• [The task]: All pictures must be left out as you transcribe the lines from the first line of the data to the line containing "Formatted like this", both included.

Stored items
--------------------------------------------------
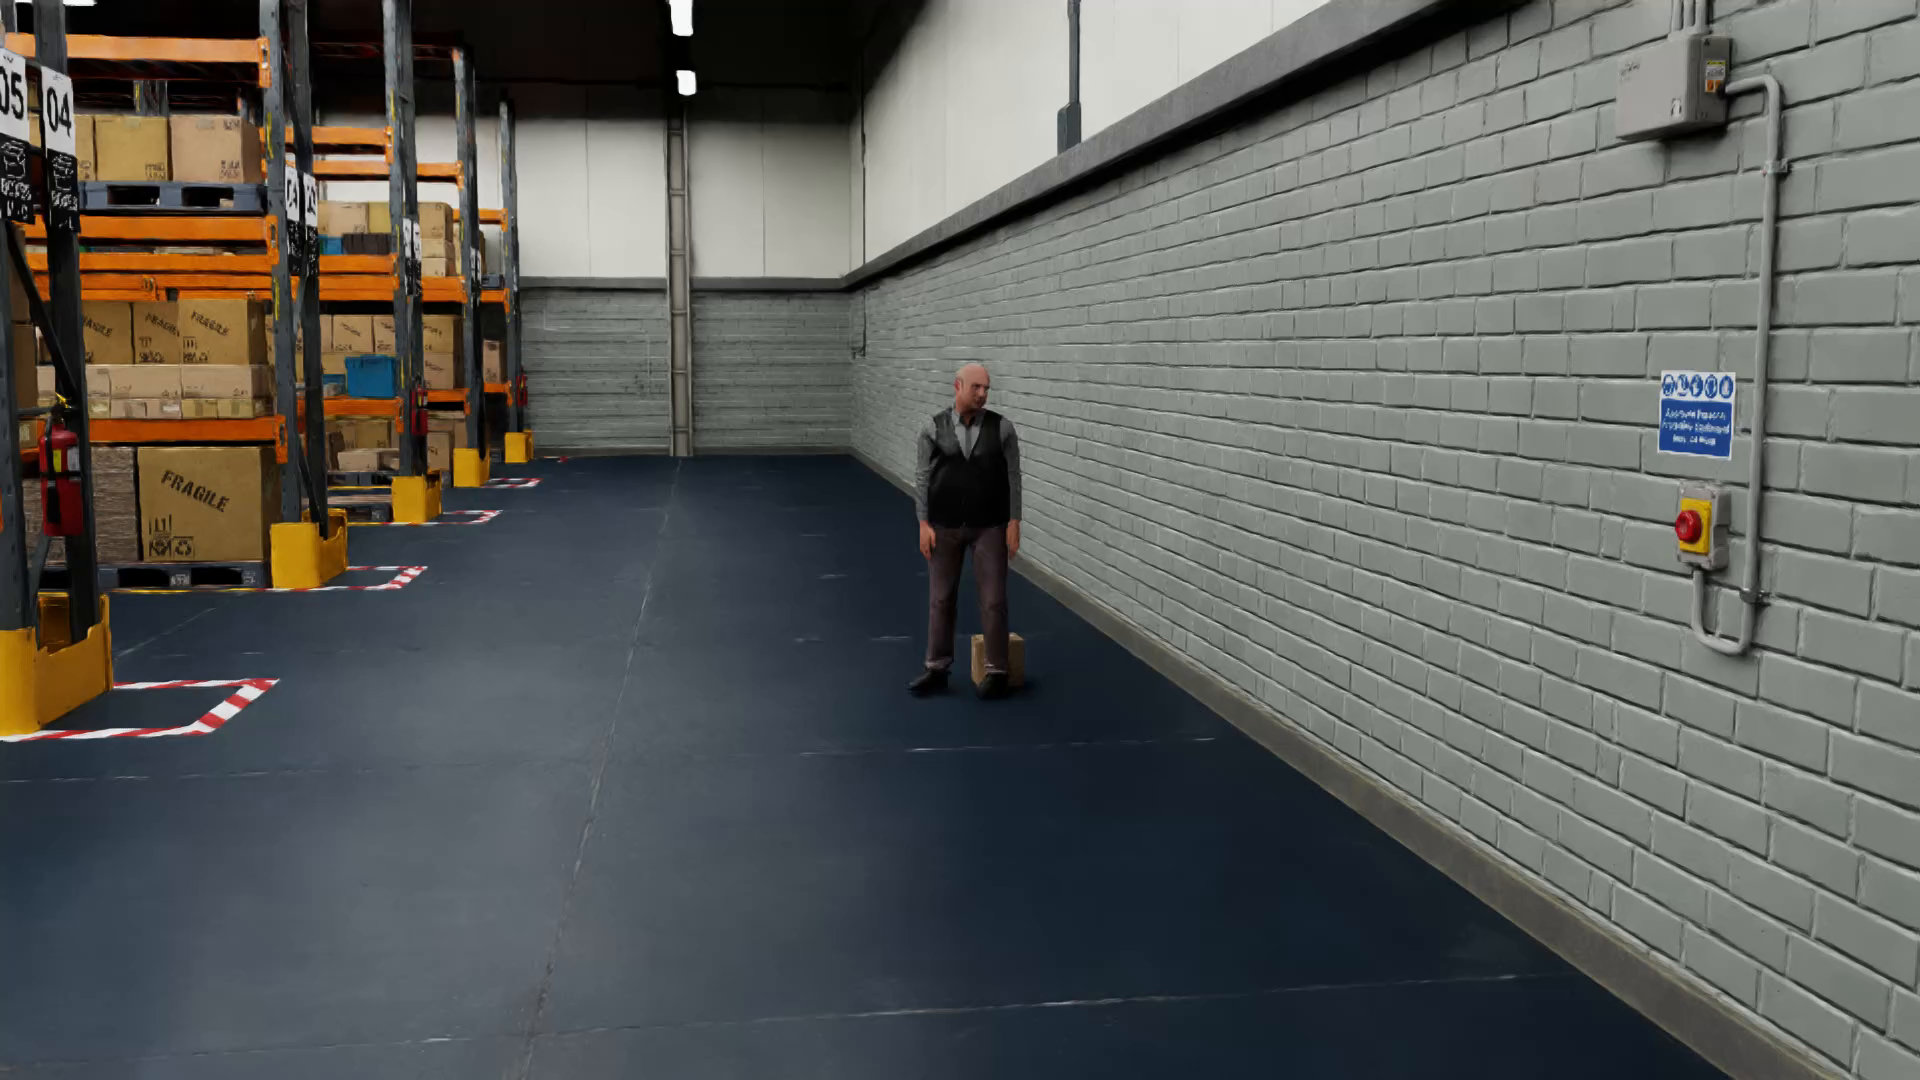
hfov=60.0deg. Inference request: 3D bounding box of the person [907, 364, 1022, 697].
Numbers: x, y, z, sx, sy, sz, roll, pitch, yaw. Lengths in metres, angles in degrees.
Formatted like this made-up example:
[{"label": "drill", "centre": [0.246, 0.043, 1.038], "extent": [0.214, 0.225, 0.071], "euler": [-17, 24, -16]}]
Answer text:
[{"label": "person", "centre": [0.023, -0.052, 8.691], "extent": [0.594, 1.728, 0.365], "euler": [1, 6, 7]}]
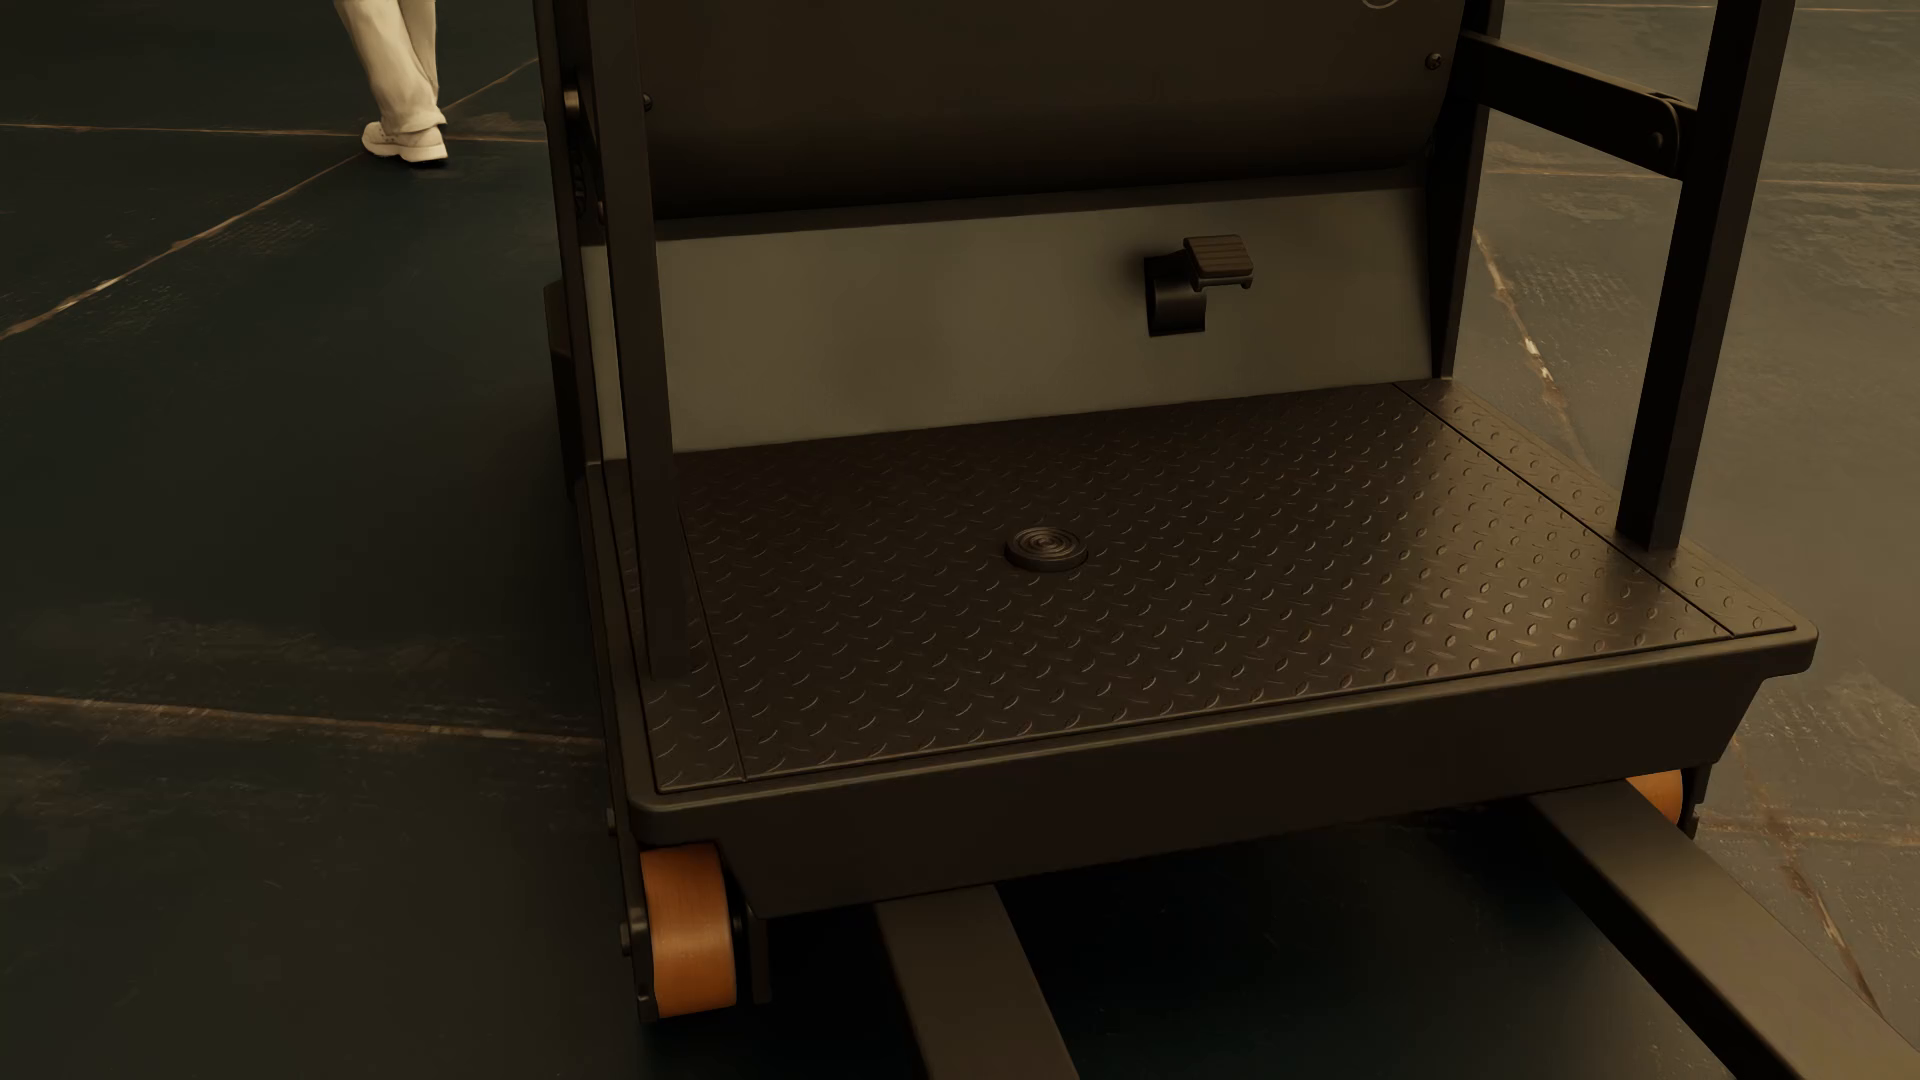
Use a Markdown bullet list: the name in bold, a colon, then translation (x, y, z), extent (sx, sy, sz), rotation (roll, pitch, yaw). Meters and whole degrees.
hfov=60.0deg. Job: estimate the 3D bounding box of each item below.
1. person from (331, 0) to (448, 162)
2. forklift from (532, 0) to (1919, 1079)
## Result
--------------------------------------------------
• [Exercise result]:
hfov=60.0deg. Inference request: 3D bounding box of the person [907, 364, 1022, 697].
Numbers: x, y, z, sx, sy, sz, roll, pitch, yaw. Lengths in metres, angles in degrees.
Formatted like this made-up example:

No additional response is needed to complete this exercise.